According to legend, Steve Jobs so admired the leather texture of the seats in his private jet that he demanded Apple’s designers incorporate such a texture into the Calendar, Contacts, and Notes applications (complete with stitching). As much as we love Jobs’s vision for most things, though, his obsession with rich Corinthian leather is one we’re happy to see fade away in OS X Mavericks.

We’re happy to see Steve Jobs’s beloved leather go away in OS X Mavericks.

Not only has the leather border disappeared from each of the above-mentioned programs, but you’ll also no longer find faux binding stitches holding your address book together in Contacts. Without all the skeuomorphic elements, the application now has room for a title bar, which displays the number of contacts within the selected group.
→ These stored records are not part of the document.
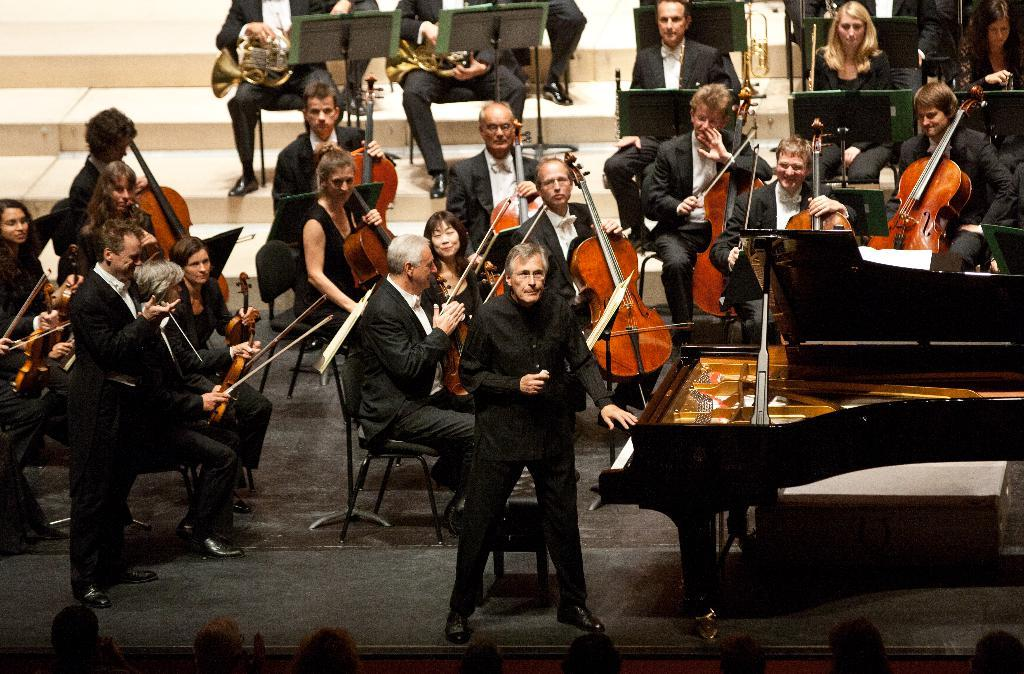What type of instruments are being played by the group of people in the image? There is a group of people playing violins and saxophones in the image. Can you describe the person standing in front of a piano? One person is standing in front of a piano in the image. What is the position of the other person in the image? Another person is standing in the image. What type of bun is being used to play the saxophone in the image? There is no bun present in the image, and saxophones are not played with buns. What sound does the alarm make in the image? There is no alarm present in the image, so it cannot make any sound. 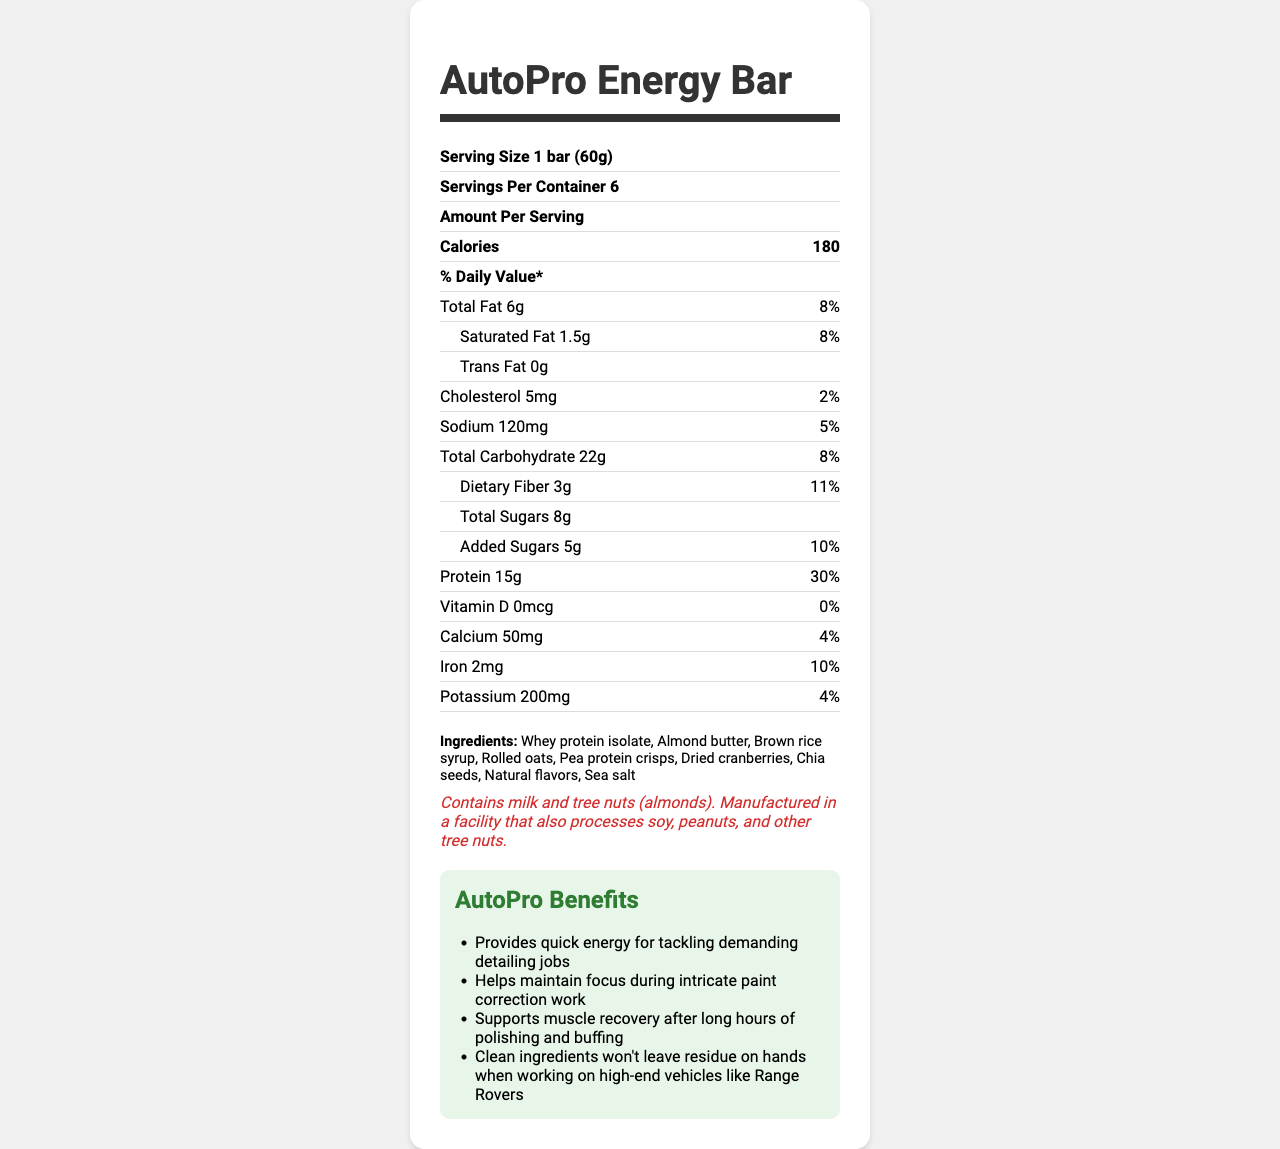what is the serving size of the AutoPro Energy Bar? The serving size is explicitly listed as "1 bar (60g)" under the "Nutrition Facts" section.
Answer: 1 bar (60g) how many servings are there per container? The document states under "Servings Per Container" that there are 6 servings per container.
Answer: 6 how many calories are there in one serving? The document lists "Calories" as 180 per serving.
Answer: 180 what is the total fat content per serving? The document states "Total Fat" content is 6g per serving.
Answer: 6g how much protein is in one bar? The document indicates "Protein" content as 15g per serving.
Answer: 15g how many grams of added sugars are there? The "Added Sugars" section lists 5g per serving.
Answer: 5g What is the daily value percentage of saturated fat in one serving? A. 5% B. 8% C. 12% D. 15% The "Saturated Fat" section indicates that there is "1.5g" of saturated fat, which is listed as "8%" of the daily value.
Answer: B. 8% which ingredient is listed first on the ingredients list? A. Brown rice syrup B. Almond butter C. Whey protein isolate The first ingredient listed is "Whey protein isolate."
Answer: C. Whey protein isolate Does the AutoPro Energy Bar contain any trans fat? Under "Trans Fat," the document explicitly states "0g."
Answer: No Describe the main benefits of the AutoPro Energy Bar for automotive professionals. The document outlines the main benefits as providing quick energy for demanding jobs, maintaining focus, supporting muscle recovery, and having clean ingredients that won't leave residue.
Answer: Provides quick energy, helps maintain focus, supports muscle recovery, clean ingredients What is the exact amount of sodium in one serving? The document lists "Sodium" content as 120mg per serving.
Answer: 120mg Can this energy bar be safely eaten by someone with a peanut allergy? The document states it is manufactured in a facility that processes peanuts, which implies potential cross-contamination, but it does not explicitly say it is safe.
Answer: Not enough information How many grams of dietary fiber are there in a single bar? The "Dietary Fiber" content is listed as 3g per serving.
Answer: 3g What marketing claim is associated with high protein content? A. Convenient on-the-go snack B. Supports muscle recovery C. High in protein for sustained energy D. No artificial preservatives The document claims "High in protein for sustained energy during long detailing sessions."
Answer: C. High in protein for sustained energy What percentage of daily calcium is provided by one serving of the energy bar? The "Calcium" section lists the daily value percentage as "4%."
Answer: 4% Does the product contain Vitamin D? The "Vitamin D" section shows "0mcg" and "0%" daily value, indicating the product does not contain Vitamin D.
Answer: No What is the total carbohydrate content per serving of the energy bar? The "Total Carbohydrate" section lists 22g per serving.
Answer: 22g List two ingredients included in the AutoPro Energy Bar. The ingredients list includes "Whey protein isolate" and "Almond butter," among others.
Answer: Whey protein isolate, Almond butter How much potassium does one serving contain? The "Potassium" content is listed as 200mg per serving.
Answer: 200mg

And Notes loses its torn-paper border at the top of each note as well as the small hieroglyphics-like trash icon at the bottom of each note—because presumably we all understand the function of the Mac’s Delete key.

Clean linen

The dark linen background has given way to simple dark gray.

Though the Corinthian leather was perhaps the most prominent texture in Lion and Mountain Lion, another was lurking about: dark linen.

That subtle pattern of white and gray threads appeared in the background of Notification Center, Mission Control, and even OS X’s Accounts window. But no more: It too has been given the heave-ho. Where once you saw linen, now you have dark gray.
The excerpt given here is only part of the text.